• _Exercise materials_:
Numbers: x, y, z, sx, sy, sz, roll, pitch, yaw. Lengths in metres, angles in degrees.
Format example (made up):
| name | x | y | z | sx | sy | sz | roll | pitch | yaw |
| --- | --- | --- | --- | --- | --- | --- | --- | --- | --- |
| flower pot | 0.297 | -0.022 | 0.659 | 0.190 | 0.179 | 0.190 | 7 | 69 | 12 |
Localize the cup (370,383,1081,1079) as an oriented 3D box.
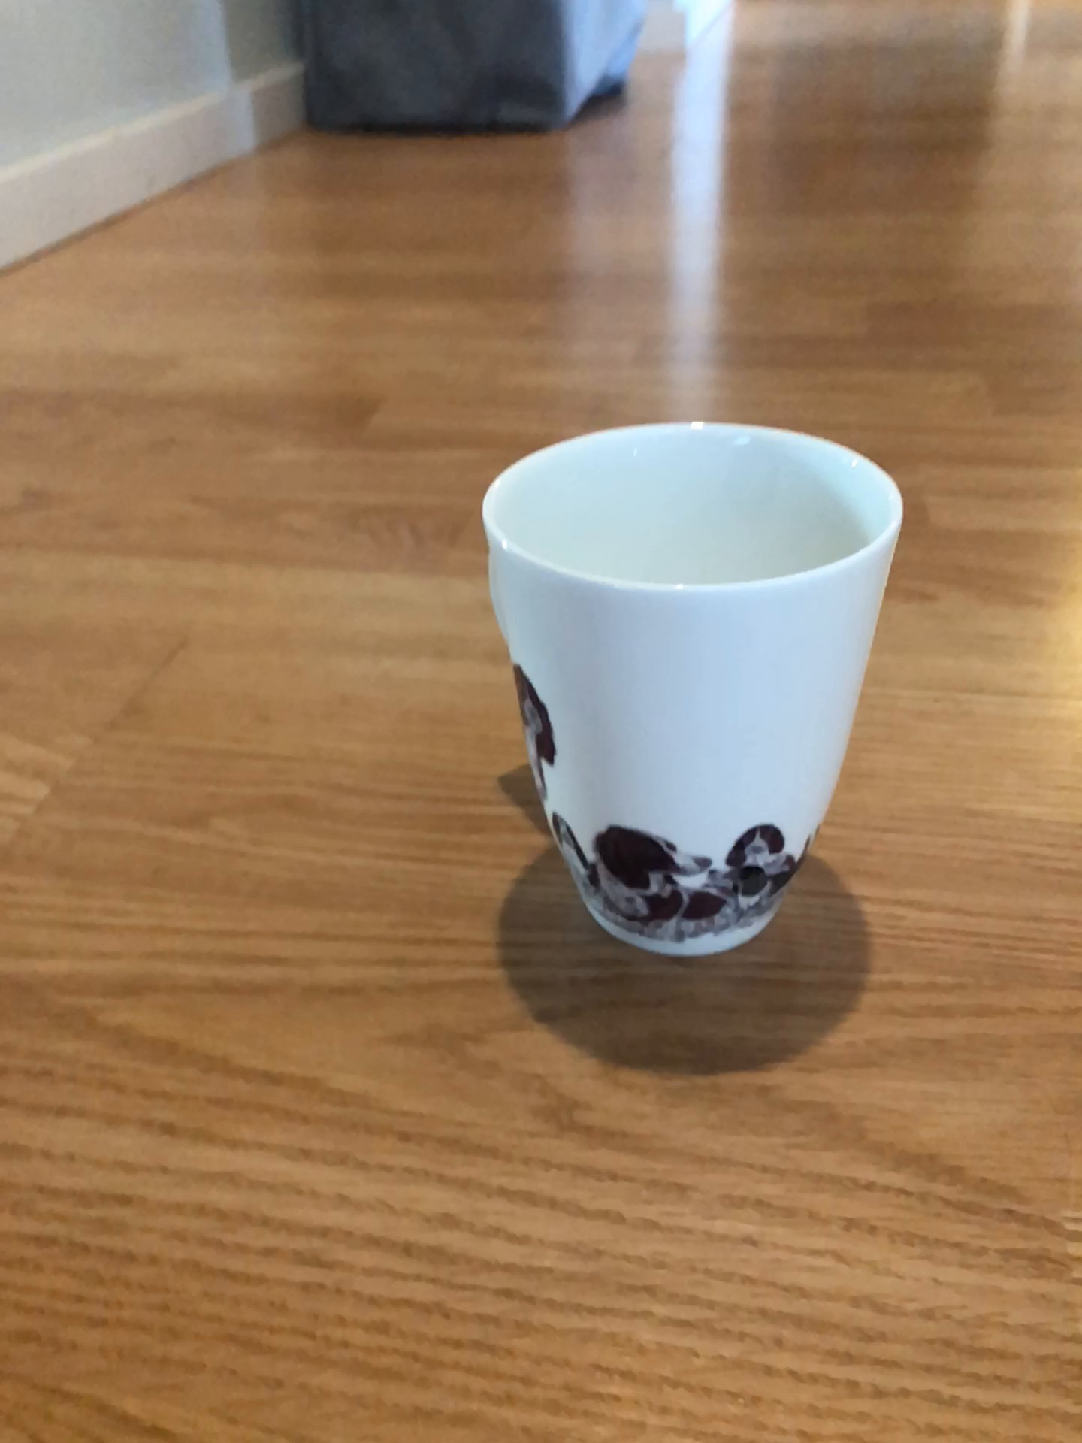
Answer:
| name | x | y | z | sx | sy | sz | roll | pitch | yaw |
| --- | --- | --- | --- | --- | --- | --- | --- | --- | --- |
| cup | 0.034 | -0.009 | 0.276 | 0.090 | 0.090 | 0.120 | -22 | 38 | -26 |

• _Exercise aim_: If a line falls between the first line of the entries and the line containing "Localize the cup", or is one of those two, restate it word for word; leave all other lines out.

• _Answer space_:
Numbers: x, y, z, sx, sy, sz, roll, pitch, yaw. Lengths in metres, angles in degrees.
Format example (made up):
| name | x | y | z | sx | sy | sz | roll | pitch | yaw |
| --- | --- | --- | --- | --- | --- | --- | --- | --- | --- |
| flower pot | 0.297 | -0.022 | 0.659 | 0.190 | 0.179 | 0.190 | 7 | 69 | 12 |
Localize the cup (370,383,1081,1079) as an oriented 3D box.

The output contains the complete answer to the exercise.